The facts Kasten are fairly straightforward. Kasten claims that he orally complained that Saint-Gobain located its timeclocks such that workers were not receiving credit for the time they spent putting on and taking off their work clothes – contrary to the FLSA’s requirements. Kasten says that Saint-Gobain discharged him because he orally complained to Saint-Gobain officials about the timeclocks.

What does “filed any complaint” mean?

The FLSA contains an antiretaliation provision that forbids employers

to discharge or in any other manner discriminate against any employee because such employee has filed any complaint or instituted or caused to be instituted any proceeding under or related to [the Act], or has testified or is about to testify in such proceeding, or has served or is about to serve on an industry committee.

The sole issue for the Court was whether “filed any complaint” includes oral as well as written complaints. Turning first to the dictionary definition of “filed,” the Court determined that “filed” has many different meanings in many different contexts. Sometimes filings are oral. Sometimes filings are written. Given the potentially broad interpretation of the word, the Court could not reach a conclusive answer to its interpretive question.

So, what did Congress intend for “filed any complaint” to mean?

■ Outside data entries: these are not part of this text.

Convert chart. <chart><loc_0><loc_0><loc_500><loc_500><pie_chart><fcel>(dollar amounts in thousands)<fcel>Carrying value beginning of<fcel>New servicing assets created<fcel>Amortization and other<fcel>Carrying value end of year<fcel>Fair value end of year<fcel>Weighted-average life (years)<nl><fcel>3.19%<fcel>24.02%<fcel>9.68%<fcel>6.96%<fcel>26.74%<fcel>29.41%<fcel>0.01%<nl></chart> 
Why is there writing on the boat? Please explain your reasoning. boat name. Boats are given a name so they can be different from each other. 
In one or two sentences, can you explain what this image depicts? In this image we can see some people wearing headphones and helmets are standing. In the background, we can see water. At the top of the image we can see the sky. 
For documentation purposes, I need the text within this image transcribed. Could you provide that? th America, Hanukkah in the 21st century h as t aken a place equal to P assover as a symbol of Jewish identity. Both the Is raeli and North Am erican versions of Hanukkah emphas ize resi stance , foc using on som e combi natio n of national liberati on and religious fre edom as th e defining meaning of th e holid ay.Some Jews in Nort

Better question. Easier answer, according to the majority.

The Court began its analysis of legislative intent by noting that “an interpretation that limited the provision’s coverage to written complaints would undermine the Act’s basic objectives.” Indeed, the Court reasoned that the FLSA was designed to empower the powerless:

Why would Congress want to limit the enforcement scheme’s effectiveness by inhibiting use of the Act’s com­ plaint procedure by those who would find it difficult to reduce their complaints to writing, particularly illiterate, less educated, or overworked workers?

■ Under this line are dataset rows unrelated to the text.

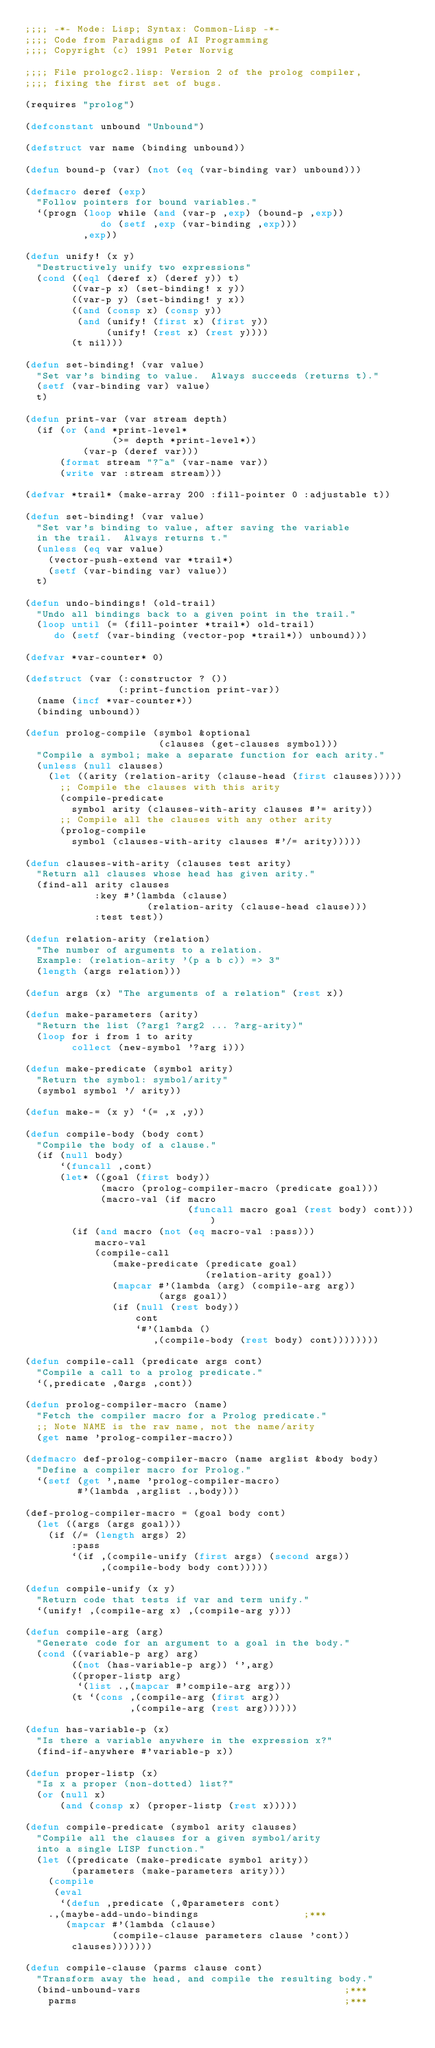Convert code to text. <code><loc_0><loc_0><loc_500><loc_500><_Lisp_>;;;; -*- Mode: Lisp; Syntax: Common-Lisp -*-
;;;; Code from Paradigms of AI Programming
;;;; Copyright (c) 1991 Peter Norvig

;;;; File prologc2.lisp: Version 2 of the prolog compiler,
;;;; fixing the first set of bugs.

(requires "prolog")

(defconstant unbound "Unbound")

(defstruct var name (binding unbound))

(defun bound-p (var) (not (eq (var-binding var) unbound)))

(defmacro deref (exp)
  "Follow pointers for bound variables."
  `(progn (loop while (and (var-p ,exp) (bound-p ,exp))
             do (setf ,exp (var-binding ,exp)))
          ,exp))

(defun unify! (x y)
  "Destructively unify two expressions"
  (cond ((eql (deref x) (deref y)) t)
        ((var-p x) (set-binding! x y))
        ((var-p y) (set-binding! y x))
        ((and (consp x) (consp y))
         (and (unify! (first x) (first y))
              (unify! (rest x) (rest y))))
        (t nil)))

(defun set-binding! (var value)
  "Set var's binding to value.  Always succeeds (returns t)."
  (setf (var-binding var) value)
  t)

(defun print-var (var stream depth)
  (if (or (and *print-level*
               (>= depth *print-level*))
          (var-p (deref var)))
      (format stream "?~a" (var-name var))
      (write var :stream stream)))

(defvar *trail* (make-array 200 :fill-pointer 0 :adjustable t))

(defun set-binding! (var value)
  "Set var's binding to value, after saving the variable
  in the trail.  Always returns t."
  (unless (eq var value)
    (vector-push-extend var *trail*)
    (setf (var-binding var) value))
  t)

(defun undo-bindings! (old-trail)
  "Undo all bindings back to a given point in the trail."
  (loop until (= (fill-pointer *trail*) old-trail)
     do (setf (var-binding (vector-pop *trail*)) unbound)))

(defvar *var-counter* 0)

(defstruct (var (:constructor ? ())
                (:print-function print-var))
  (name (incf *var-counter*))
  (binding unbound))

(defun prolog-compile (symbol &optional
                       (clauses (get-clauses symbol)))
  "Compile a symbol; make a separate function for each arity."
  (unless (null clauses)
    (let ((arity (relation-arity (clause-head (first clauses)))))
      ;; Compile the clauses with this arity
      (compile-predicate
        symbol arity (clauses-with-arity clauses #'= arity))
      ;; Compile all the clauses with any other arity
      (prolog-compile
        symbol (clauses-with-arity clauses #'/= arity)))))

(defun clauses-with-arity (clauses test arity)
  "Return all clauses whose head has given arity."
  (find-all arity clauses
            :key #'(lambda (clause)
                     (relation-arity (clause-head clause)))
            :test test))

(defun relation-arity (relation)
  "The number of arguments to a relation.
  Example: (relation-arity '(p a b c)) => 3"
  (length (args relation)))

(defun args (x) "The arguments of a relation" (rest x))

(defun make-parameters (arity)
  "Return the list (?arg1 ?arg2 ... ?arg-arity)"
  (loop for i from 1 to arity
        collect (new-symbol '?arg i)))

(defun make-predicate (symbol arity)
  "Return the symbol: symbol/arity"
  (symbol symbol '/ arity))

(defun make-= (x y) `(= ,x ,y))

(defun compile-body (body cont)
  "Compile the body of a clause."
  (if (null body)
      `(funcall ,cont)
      (let* ((goal (first body))
             (macro (prolog-compiler-macro (predicate goal)))
             (macro-val (if macro
                            (funcall macro goal (rest body) cont))))
        (if (and macro (not (eq macro-val :pass)))
            macro-val
            (compile-call
               (make-predicate (predicate goal)
                               (relation-arity goal))
               (mapcar #'(lambda (arg) (compile-arg arg))
                       (args goal))
               (if (null (rest body))
                   cont
                   `#'(lambda ()
                      ,(compile-body (rest body) cont))))))))

(defun compile-call (predicate args cont)
  "Compile a call to a prolog predicate."
  `(,predicate ,@args ,cont))

(defun prolog-compiler-macro (name)
  "Fetch the compiler macro for a Prolog predicate."
  ;; Note NAME is the raw name, not the name/arity
  (get name 'prolog-compiler-macro))

(defmacro def-prolog-compiler-macro (name arglist &body body)
  "Define a compiler macro for Prolog."
  `(setf (get ',name 'prolog-compiler-macro)
         #'(lambda ,arglist .,body)))

(def-prolog-compiler-macro = (goal body cont)
  (let ((args (args goal)))
    (if (/= (length args) 2)
        :pass
        `(if ,(compile-unify (first args) (second args))
             ,(compile-body body cont)))))

(defun compile-unify (x y)
  "Return code that tests if var and term unify."
  `(unify! ,(compile-arg x) ,(compile-arg y)))

(defun compile-arg (arg)
  "Generate code for an argument to a goal in the body."
  (cond ((variable-p arg) arg)
        ((not (has-variable-p arg)) `',arg)
        ((proper-listp arg)
         `(list .,(mapcar #'compile-arg arg)))
        (t `(cons ,(compile-arg (first arg))
                  ,(compile-arg (rest arg))))))

(defun has-variable-p (x)
  "Is there a variable anywhere in the expression x?"
  (find-if-anywhere #'variable-p x))

(defun proper-listp (x)
  "Is x a proper (non-dotted) list?"
  (or (null x)
      (and (consp x) (proper-listp (rest x)))))

(defun compile-predicate (symbol arity clauses)
  "Compile all the clauses for a given symbol/arity
  into a single LISP function."
  (let ((predicate (make-predicate symbol arity))
        (parameters (make-parameters arity)))
    (compile
     (eval
      `(defun ,predicate (,@parameters cont)
	.,(maybe-add-undo-bindings                  ;***
	   (mapcar #'(lambda (clause)
		       (compile-clause parameters clause 'cont))
	    clauses)))))))

(defun compile-clause (parms clause cont)
  "Transform away the head, and compile the resulting body."
  (bind-unbound-vars                                   ;***
    parms                                              ;***</code> 
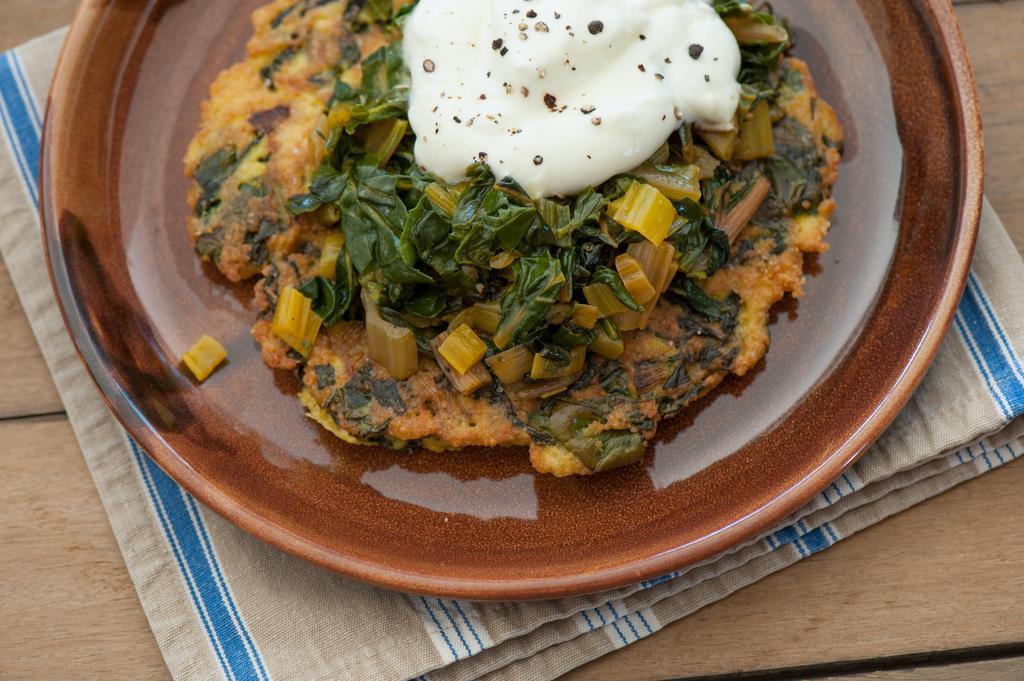In one or two sentences, can you explain what this image depicts? In this picture we can see a plate and a cloth here, at the bottom there is a wooden surface, we can see some food in this plate. 
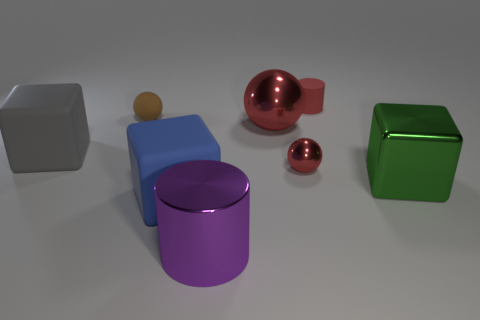There is another ball that is the same color as the tiny metal ball; what is its material?
Keep it short and to the point. Metal. How many gray things are either large metallic cubes or small matte cylinders?
Your response must be concise. 0. There is a large metallic object that is on the right side of the small red shiny thing; is its shape the same as the tiny red thing right of the tiny metallic sphere?
Offer a very short reply. No. How many other things are there of the same material as the small red cylinder?
Your answer should be compact. 3. Are there any blocks that are on the left side of the tiny ball on the left side of the purple object that is on the right side of the small brown ball?
Offer a terse response. Yes. Does the big red sphere have the same material as the green block?
Offer a very short reply. Yes. Are there any other things that are the same shape as the small brown object?
Offer a terse response. Yes. The object left of the tiny ball that is left of the big blue rubber thing is made of what material?
Provide a short and direct response. Rubber. There is a red object behind the small rubber sphere; what is its size?
Keep it short and to the point. Small. There is a large cube that is to the left of the metallic cylinder and right of the large gray rubber cube; what color is it?
Offer a very short reply. Blue.

To limit the scope of the antiretaliation provision to the filing of written complaints would also take needed flexi­bility from those charged with the Act’s enforcement. It could prevent Government agencies from using hotlines, interviews, and other oral methods of receiving com­plaints. And insofar as the antiretaliation provision cov­ers complaints made to employers…, it would discourage the use of desirable informal workplace grievance procedures to secure compliance with the Act.

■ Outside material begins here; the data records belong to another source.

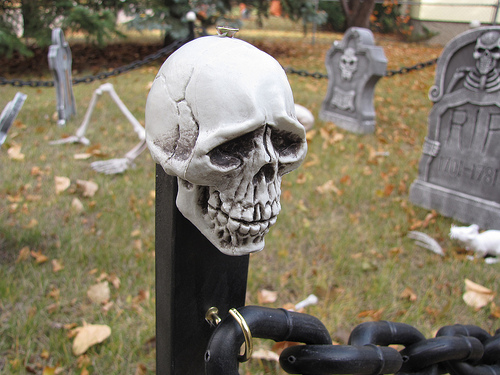<image>
Is the skull above the chain? Yes. The skull is positioned above the chain in the vertical space, higher up in the scene. Is there a headstone behind the skull? Yes. From this viewpoint, the headstone is positioned behind the skull, with the skull partially or fully occluding the headstone. Is there a skull behind the chain? No. The skull is not behind the chain. From this viewpoint, the skull appears to be positioned elsewhere in the scene. Is there a skull behind the tombstone? No. The skull is not behind the tombstone. From this viewpoint, the skull appears to be positioned elsewhere in the scene. 
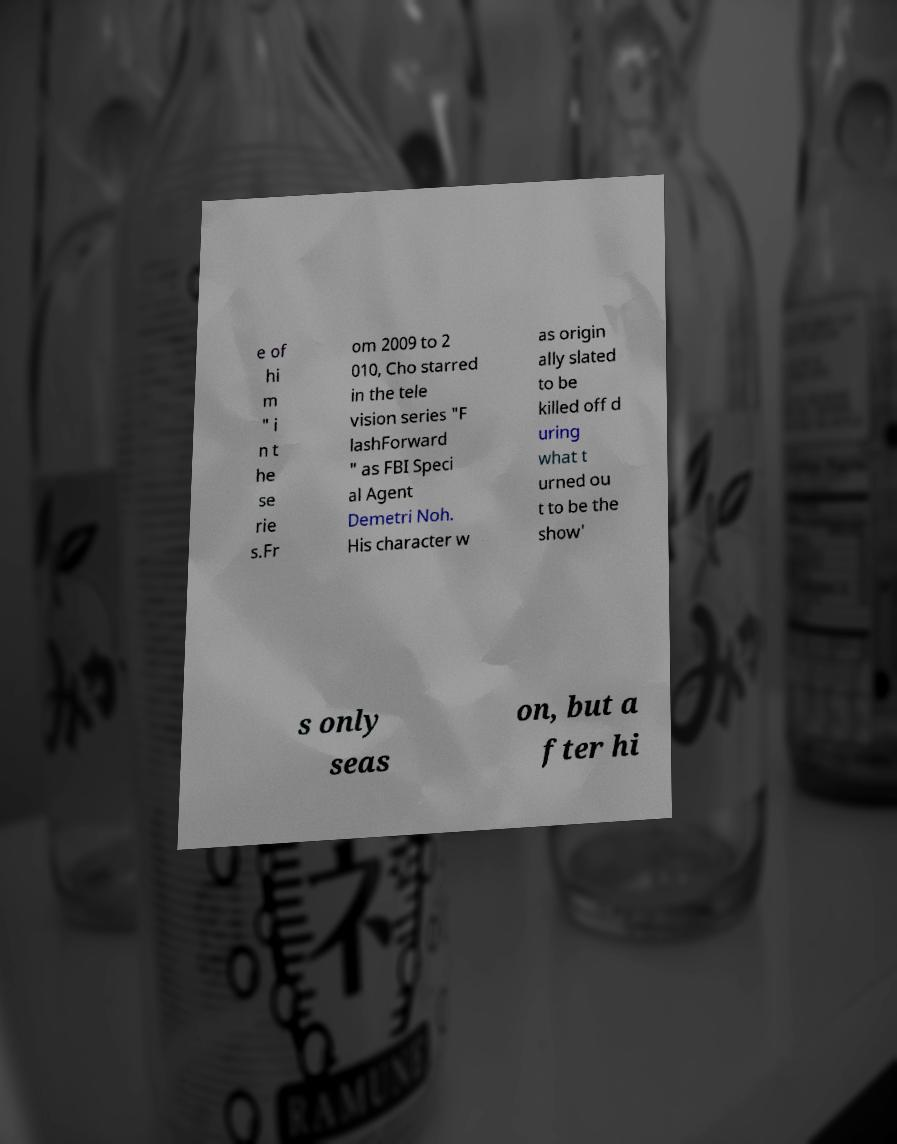Please read and relay the text visible in this image. What does it say? e of hi m " i n t he se rie s.Fr om 2009 to 2 010, Cho starred in the tele vision series "F lashForward " as FBI Speci al Agent Demetri Noh. His character w as origin ally slated to be killed off d uring what t urned ou t to be the show' s only seas on, but a fter hi 
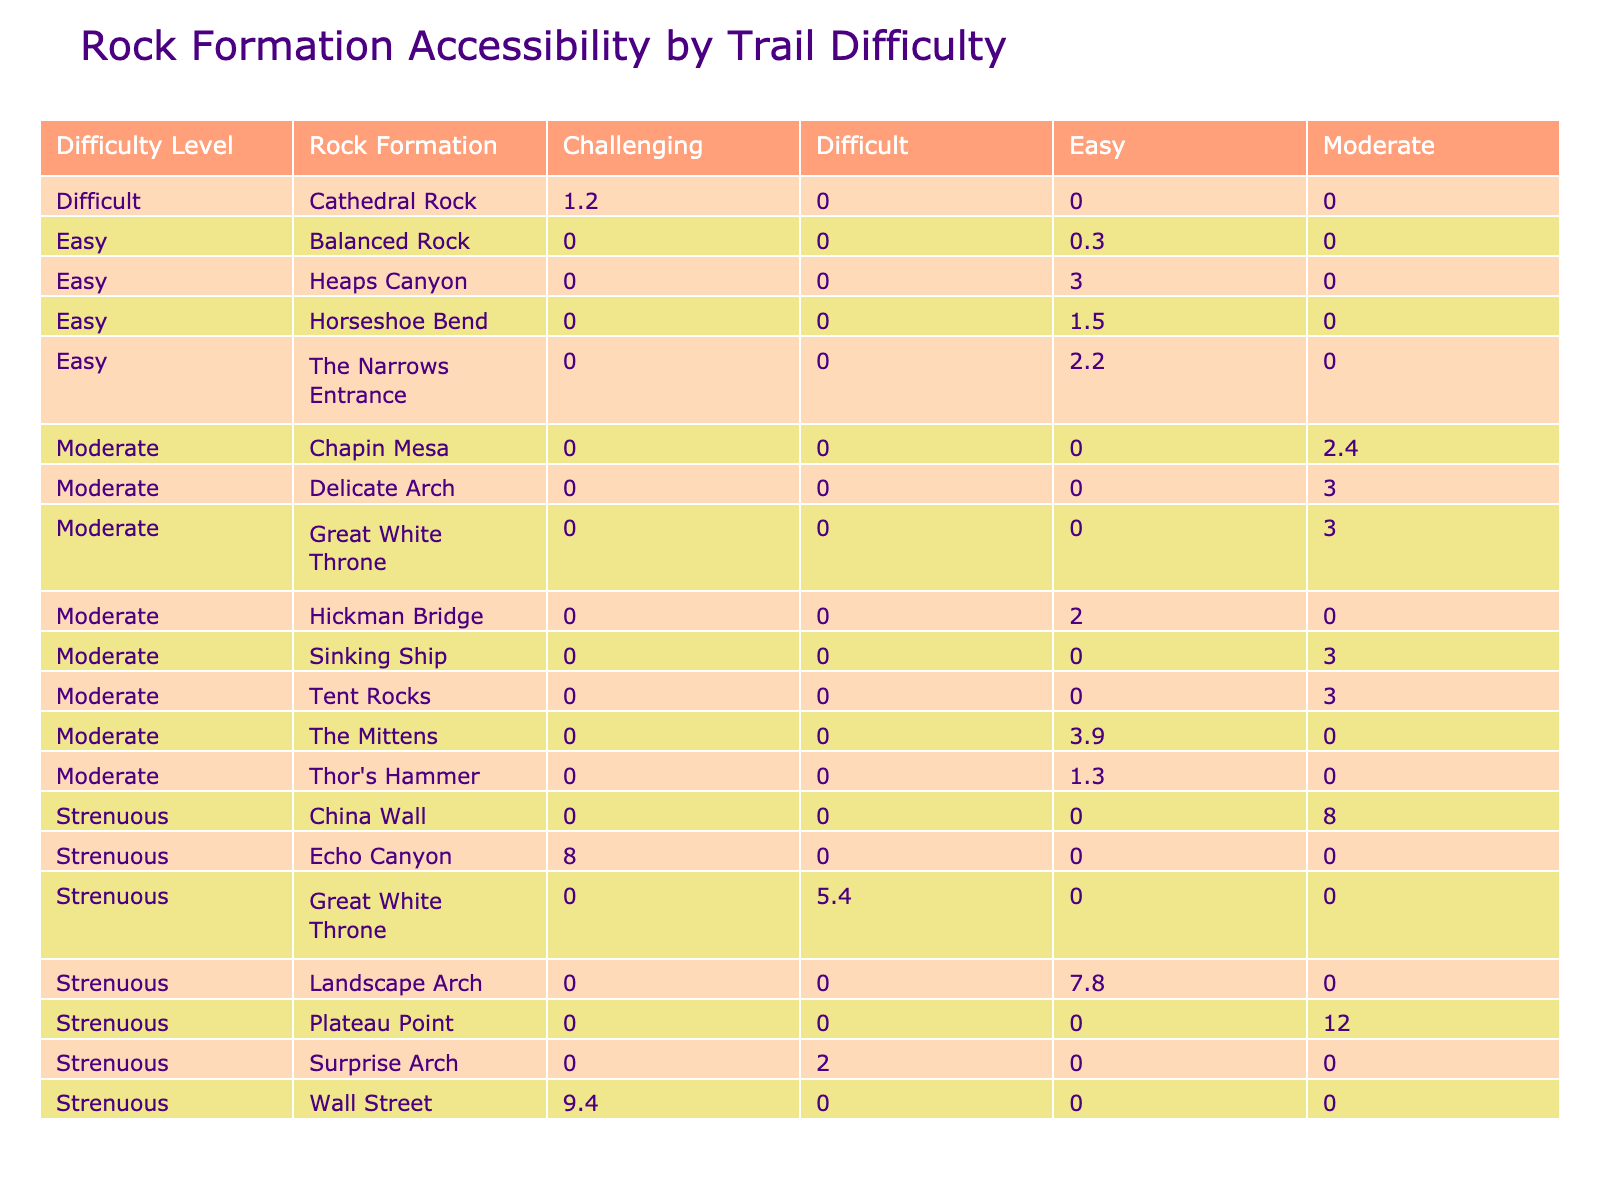What is the distance of the Delicate Arch Trail? The table indicates the distance associated with the Delicate Arch Trail listed under the "Distance (miles)" column, which is 3 miles.
Answer: 3 miles Which rock formation is accessible from the easiest trail? By checking the "Accessibility" column for the "Easy" category, we find that the Heaps Canyon rock formation is accessible from the Emerald Pools Trail.
Answer: Heaps Canyon What is the total distance of the trails with a "Strenuous" difficulty level? The distance for each strenuous trail is: 7.8 (Devil's Garden Loop) + 9.4 (The Narrows) + 5.4 (Angels Landing) + 12 (Bright Angel Trail) + 8 (Observation Point) + 8 (Fairyland Loop) + 2 (Fiery Furnace). Adding these distances gives us a total of 52.6 miles.
Answer: 52.6 miles Are there any trails classified as "Difficult" that provide easy accessibility? No, based on the table, the only "Difficult" trail, Cathedral Rock Trail, falls under "Challenging" accessibility.
Answer: No What is the average distance for trails that have "Moderate" difficulty? The distances for Moderate difficulty trails are: 3 (Delicate Arch Trail) + 1.3 (Navajo Loop) + 3 (Hidden Canyon Trail) + 3 (Grand View Trail) + 3.9 (Wildcat Trail) + 2.4 (Petroglyph Point Trail) + 3 (Tent Rocks Trail), which sums to 16.6 miles. There are 7 such trails, so average distance = 16.6 / 7 = 2.37 miles.
Answer: 2.37 miles How many trails have "Moderate" accessibility and "Strenuous" difficulty? In the table, we see that the trails with "Strenuous" difficulty have the accessibility of Moderate for the following trails: Plateau Point and China Wall, totaling 2 trails.
Answer: 2 trails

Ultimately, the Court opined that a complaint is filed when a reasonable, objective person would have understood the employee to have put the employer on notice that the employee is asserting statutory rights under the FLSA.

What is the impact of Kasten on employers?

Not as great as one might think. 

Why? Because although the Court held that Kasten’s oral FLSA complaint to his employer, Saint-Gobain, triggered the statute’s anti-retaliation provisions, the Court declined to decide whether a private employer, generally, can retaliate against an employee who orally complains to that private employer about a purported FLSA violation. Saint-Gobain did not advance this argument before the Supreme Court. 

In his dissenting opinion, Justice Scalia opined that the FLSA retaliation provision only contemplates “an official grievance filed with a court or an agency, not oral complaints — or even formal, written complaints — from an employee to an employer.” Therefore, the issue of whether the FLSA anti-retaliation provision covers employee oral complaints to employers generally will be left for the lower courts to decide.

Until then tread very carefully. And document, document, document. Make a practice of having employees document their complaints. Document employee complaints when employees don’t commit complaints to writing themselves and have employees sign off on each complaint. And make sure your supervisors know how to address employee complaints.

And don’t fire an employee because he complains about FLSA violations.